Ein anderes Mitglied des Maker Zoo-Teams, Chonticha Lermtong, begann eine fortlaufende Zusammenarbeit mit einem örtlichen Kinderkrankenhaus, um mit 3D-Design und 3D-Druck Prototypen herzustellen und Lösungen für Krankenschwestern, Ärzte und Techniker zu entwickeln. Ihre Medienplattform ProgressTH bietet viele dieser Designs online über Thingiverse an.

Weitere Makerspaces

Es gibt auch PINN Creative Space, der sich ursprünglich auf das Nähen von Kunst und Kunsthandwerk konzentrierte, jetzt aber auch persönliche Fertigungstechnologien wie 3D-Druck und Laserschneiden in seine Produkte, Dienstleistungen und Werkstätten integriert.

Der Chiang Mai Maker Club ist zwar nicht in Bangkok angesiedelt, seine Mitglieder, darunter auch der Gründer Dr. Panutat "Jimmy" Tejasen, sind in der Maker-Bewegung in Bangkok aktiv, organisieren Workshops, beteiligen sich an Open-Source-Hardware-Projekten und erweisen sich als kompetent Botschafter der gesamten thailändischen Herstellerbewegung.

Neben der Makergemeinschaft selbst gibt es eine wachsende Zahl von KMU, die sie bedienen. Dazu gehören Hersteller und Zulieferer von 3D-Druckern wie In2Real3D, SiamRepRap und ThaiRobo3D sowie Elektronikunternehmen wie ThaiEasyElec und INEX.

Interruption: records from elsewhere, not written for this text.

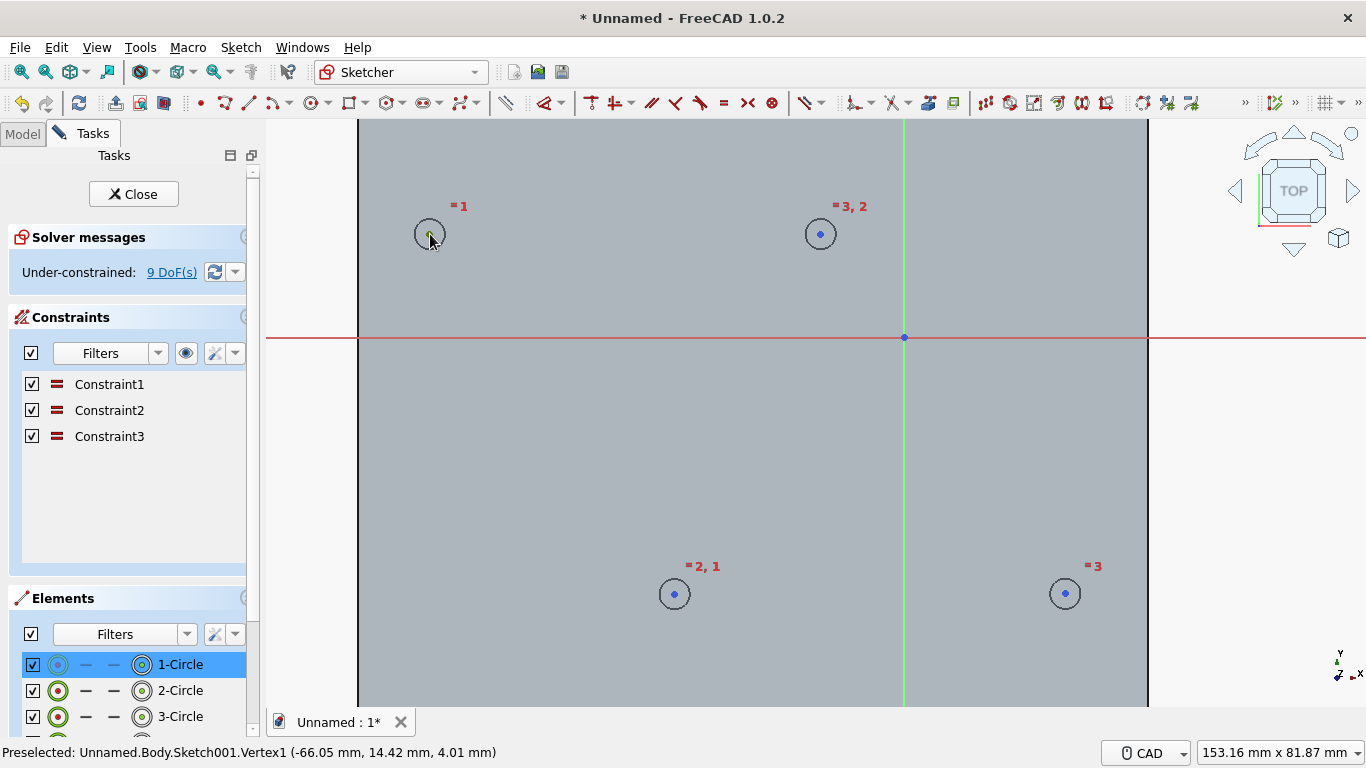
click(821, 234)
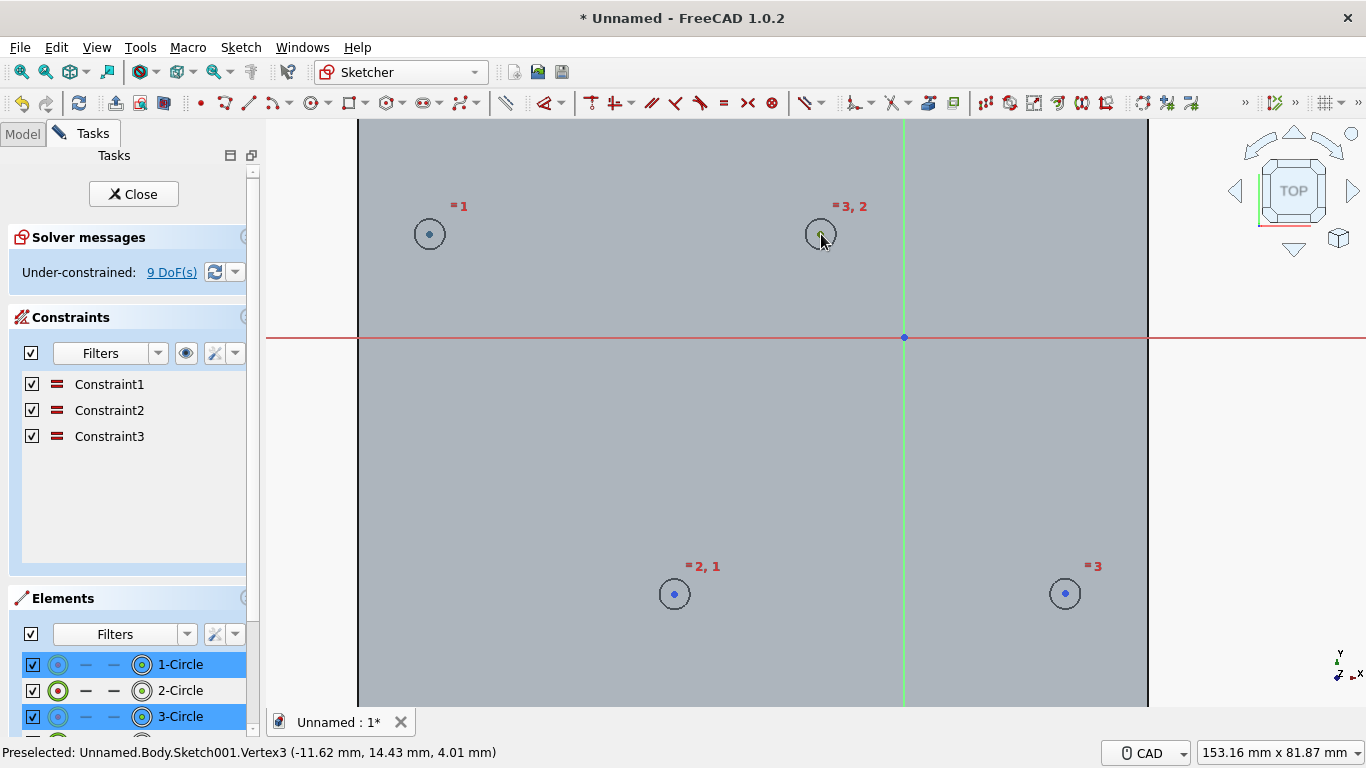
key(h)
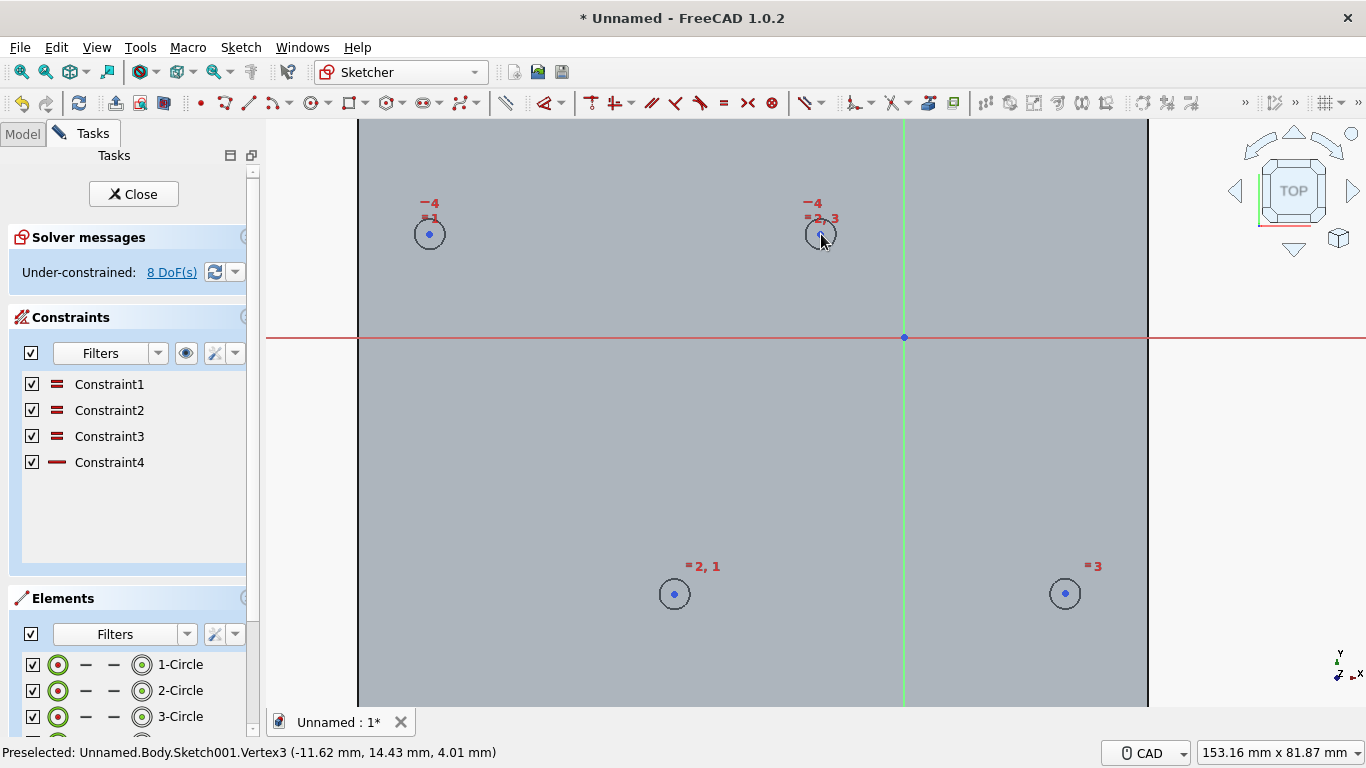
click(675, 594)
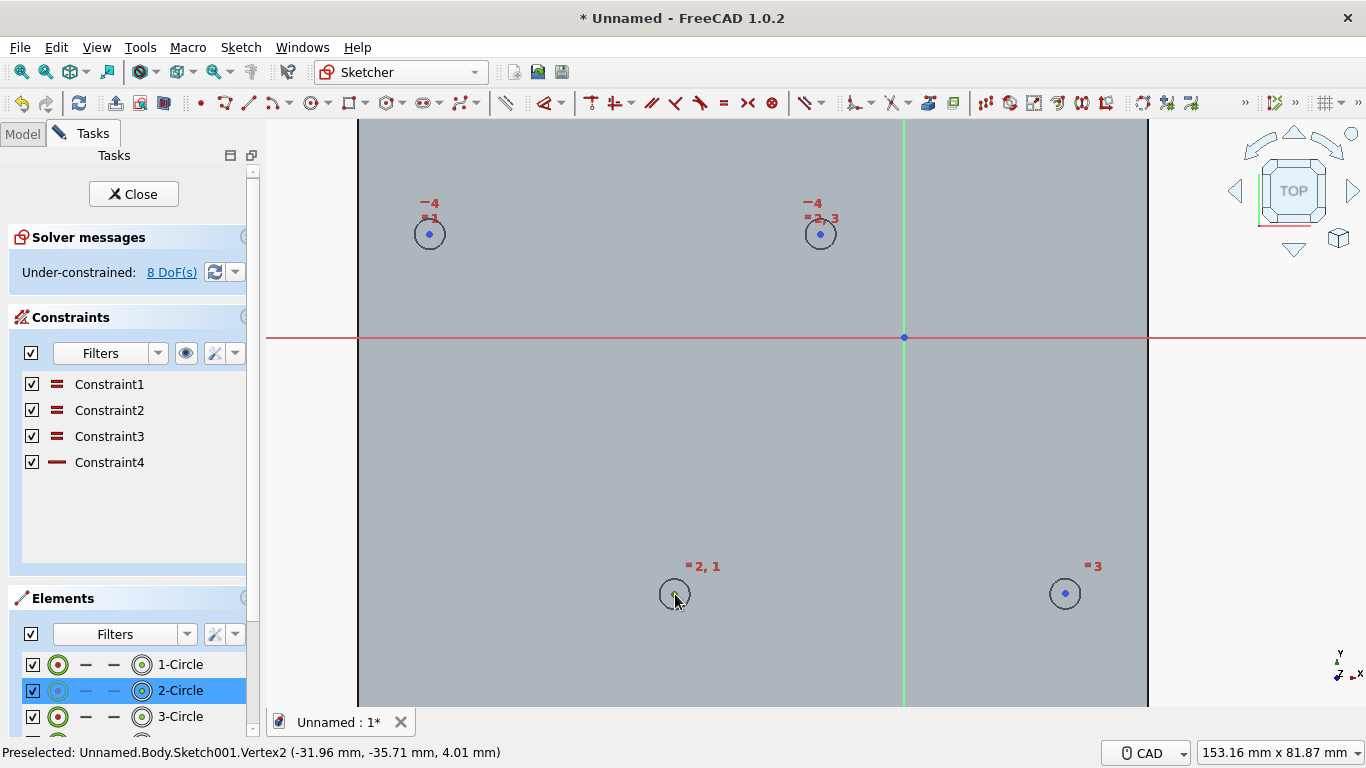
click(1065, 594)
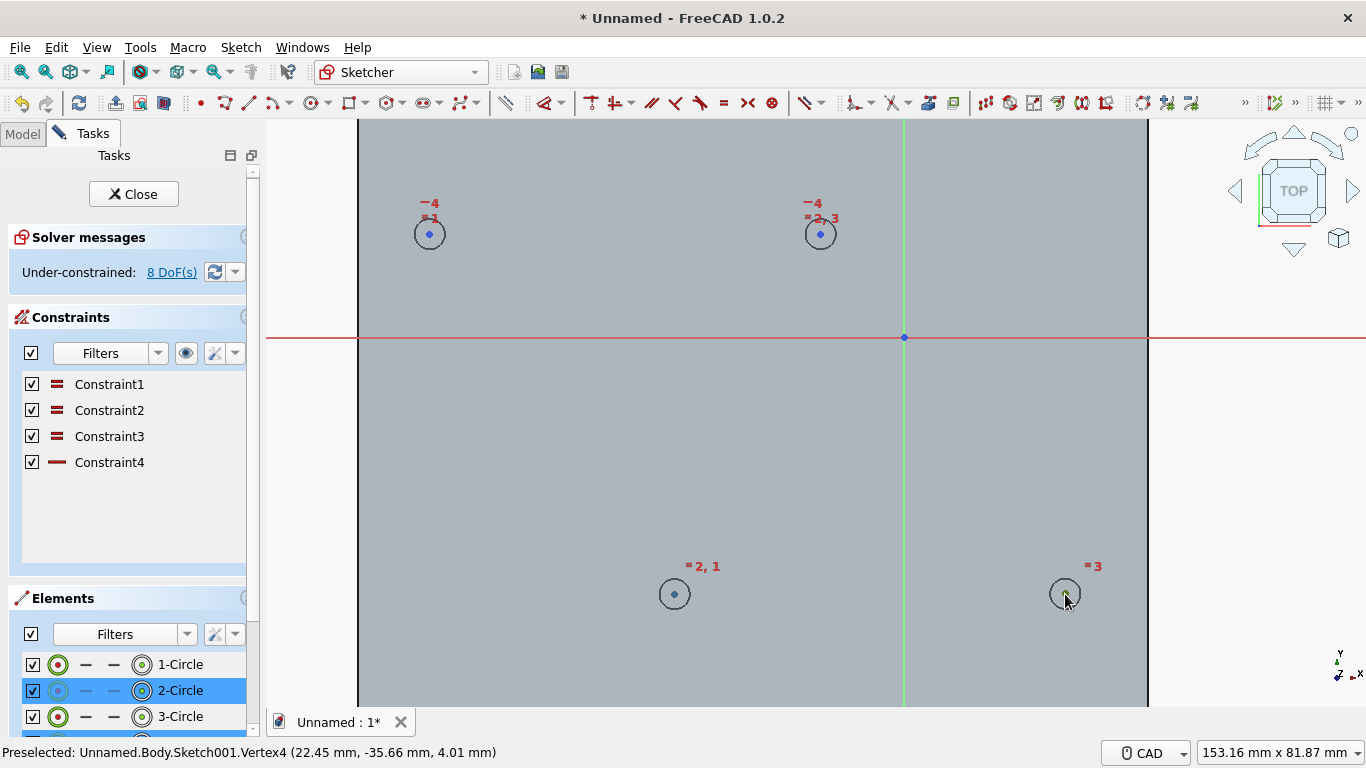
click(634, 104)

Und die Liste der Makspaces und der Unternehmen, die um sie herum auftauchen, nimmt weiter zu, darunter viel zu viele Einzelpersonen, Gruppen und Unternehmen, um sie in einer einzigen Liste zu nennen.

Der beste Weg, um eine Vorstellung davon zu bekommen, wie groß die Macherbewegung in Bangkok wird, ist die jährliche Bangkok Mini Maker Faire. Bangkoks Maker-Community, die zwei Jahre in Folge organisiert wurde, trifft sich, lädt viele ihrer Freunde aus ganz Asien ein und zeigt sich und die Öffentlichkeit ihre Projekte, Produkte und Ideen.

Mit Unterstützung des öffentlichen und privaten Sektors und der Kreativität von Tausenden von Einzelpersonen wird die Herstellergemeinschaft in Bangkok weiter wachsen. Und während sich die Maker-Bewegung in die thailändische Bildung einfügt, wird dieser Pool an Kreativität und Innovation nur noch weiter wachsen und in naher Zukunft viele weitere Macher wecken.

Was die wachsende Maker-Community in Bangkok für die Menschen in anderen Teilen der Welt bedeutet, ist, dass das, was die Leute in ihren Makerspaces tun, sehr lokal und persönlich wirkt, aber ihre Auswirkungen und ihr Einfluss können buchstäblich die ganze Welt erreichen und die Menschen inspirieren, die wir haben noch nie getroffen Hersteller, die in Bangkok auftauchen, bedeuten natürlich auch einen größeren Pool an Ideen und Kreativität, von denen alle anderen gemeinsam profitieren können. Und das ist die Schönheit der Macherbewegung. Je mehr Mitglieder beitreten, desto besser ist es für alle.